- Task brief: Copy the entries word for word. Keep the pictures out.

- Data listing:
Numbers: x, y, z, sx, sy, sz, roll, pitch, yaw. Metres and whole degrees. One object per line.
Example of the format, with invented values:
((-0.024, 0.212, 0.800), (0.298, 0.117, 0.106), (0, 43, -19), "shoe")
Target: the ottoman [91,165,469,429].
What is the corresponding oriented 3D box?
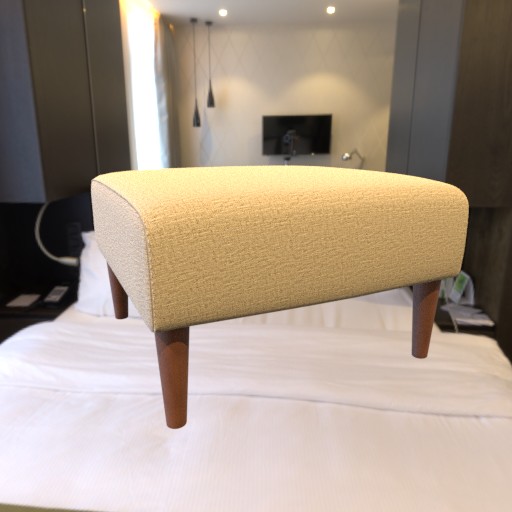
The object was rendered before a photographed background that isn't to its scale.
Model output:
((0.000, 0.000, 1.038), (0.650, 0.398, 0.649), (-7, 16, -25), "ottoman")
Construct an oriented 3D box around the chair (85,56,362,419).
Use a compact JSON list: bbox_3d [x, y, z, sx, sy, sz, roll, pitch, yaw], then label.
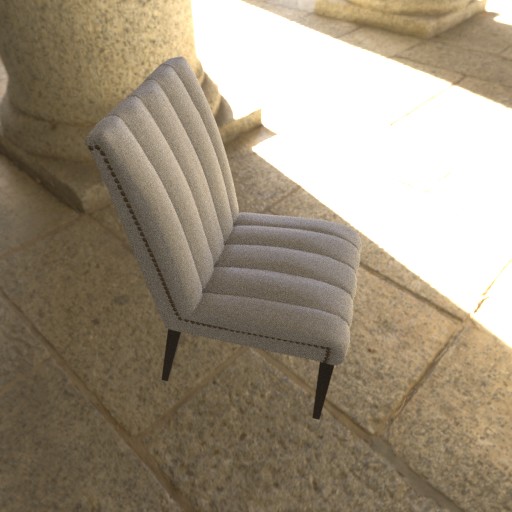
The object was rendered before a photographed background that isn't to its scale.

- Result of this exercise:
Numbers: x, y, z, sx, sy, sz, roll, pitch, yaw. Metres and whole degrees. One object per line.
Example of the format, with invented values:
((-0.024, 0.212, 0.800), (0.298, 0.117, 0.106), (0, 43, -19), "shoe")
Target: the ottoman [91,165,469,429].
What is the corresponding oriented 3D box?
The object was rendered before a photographed background that isn't to its scale.
Model output:
((0.000, 0.000, 1.038), (0.650, 0.398, 0.649), (-7, 16, -25), "ottoman")
Construct an oriented 3D box around the chair (85,56,362,419).
Use a compact JSON list: bbox_3d [x, y, z, sx, sy, sz, roll, pitch, yaw], then label.
The object was rendered before a photographed background that isn't to its scale.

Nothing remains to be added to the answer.